L’orientalisme fait des dégâts. Cette conception essentialiste de l’Orient brillamment dénoncée par Edward Saïd fait toujours le bonheur des néocons adeptes du Choc des Civilisation. Elle fait aussi des émules en France où, sur les ruines du chiraquisme, les atlantistes belliqueux ont épousé les noirs desseins du Pentagone. Richard Labévière épingle l’une des dernières perles de ce mouvement qui s’interroge sur la perte d’influence de la France au Moyen-Orient. Nous trouverons ici quelques éléments de réponse. (IGA)

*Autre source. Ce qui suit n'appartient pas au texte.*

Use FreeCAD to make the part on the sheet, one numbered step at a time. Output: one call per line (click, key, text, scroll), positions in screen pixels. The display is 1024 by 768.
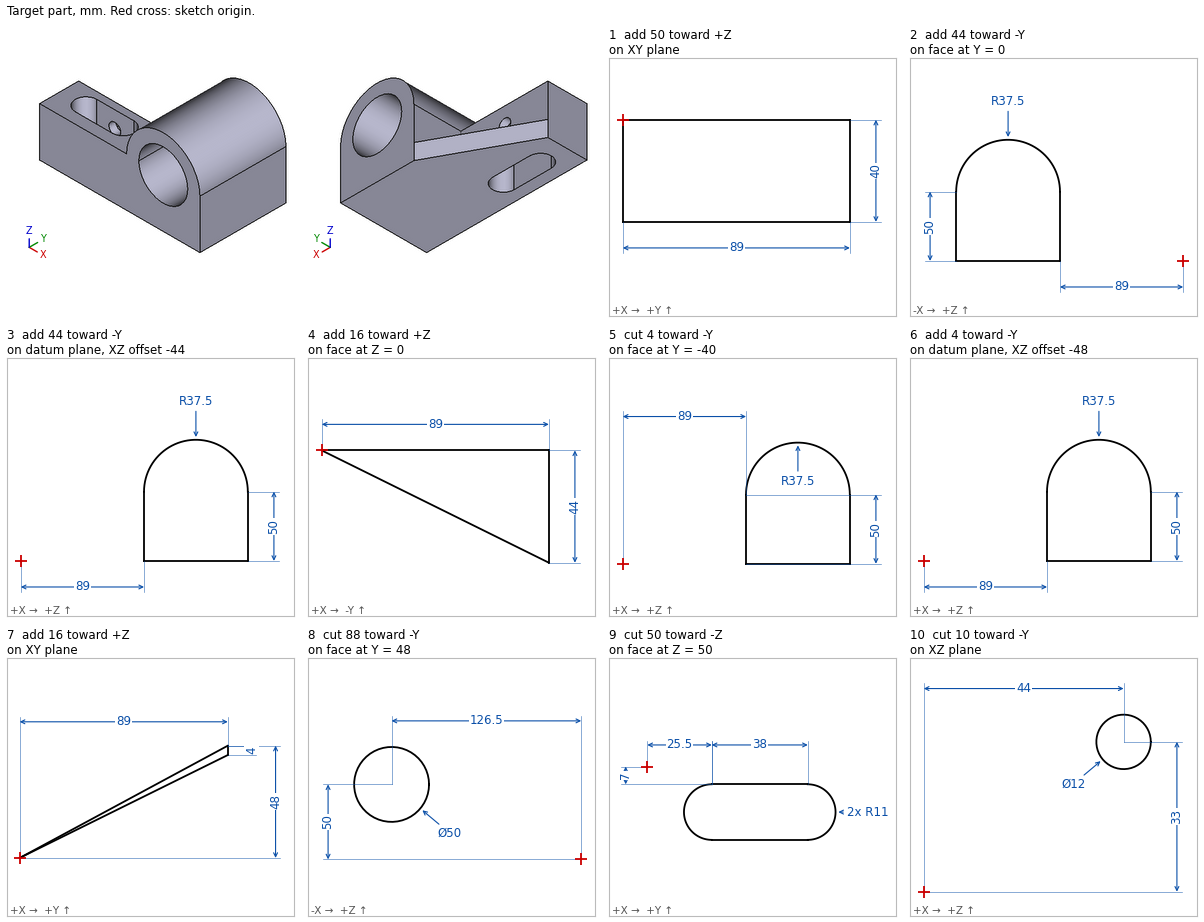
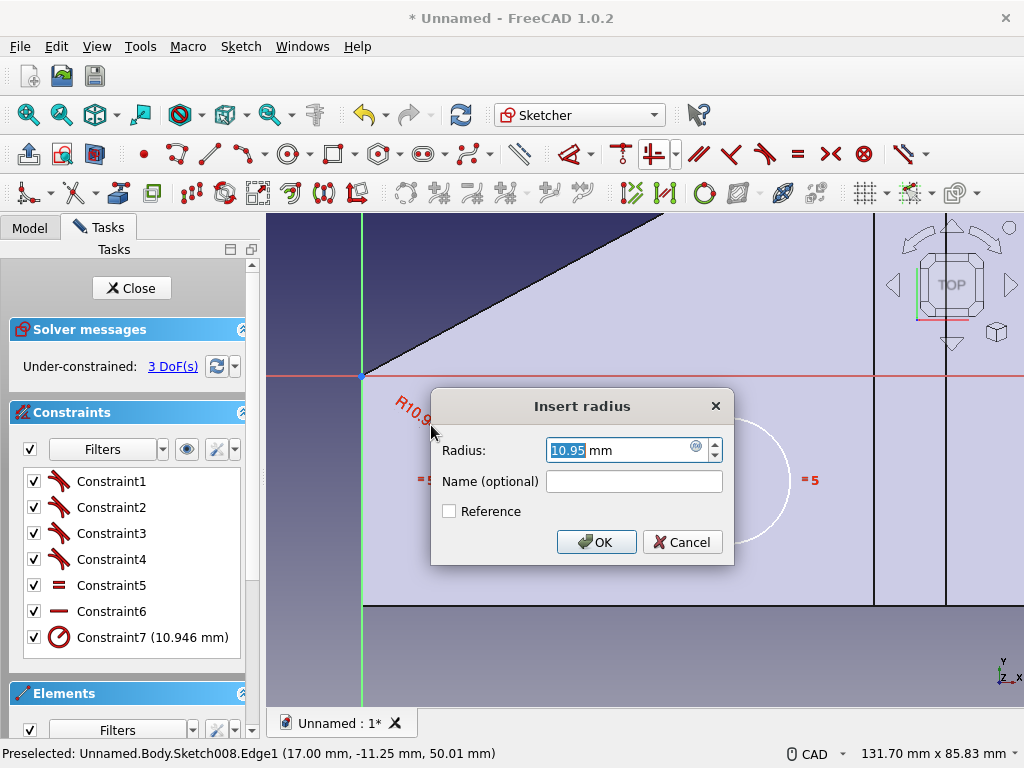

Dans son livre paru à la fin des années 1970 – L’Orientalisme – L’Orient créé par l’Occident – le grand écrivain palestinien Edward Saïd explique comment, à partir de la peinture et de la littérature du XIXème siècle, les pays occidentaux ont produit récits, images et fantasmes conformes aux besoins de la colonisation et de l’impérialisme. Dans le corpus de cette idéologie qu’il appelle L’Orientalisme, Edward Saïd identifie trois champs principaux qui se recoupent : les domaines de la recherche universitaire, de la diplomatie et des médias. Conforme au fameux Choc des civilisations – titre du livre de Samuel Huntington (1996) -, l’Orientalisme fonde une conception « essentialiste » selon laquelle l’Orient et l’Occident seraient ontologiquement et épistémologiquement deux mondes différents radicalement disjoints, parce que de « natures » antagonistes et par conséquent irréconciliables.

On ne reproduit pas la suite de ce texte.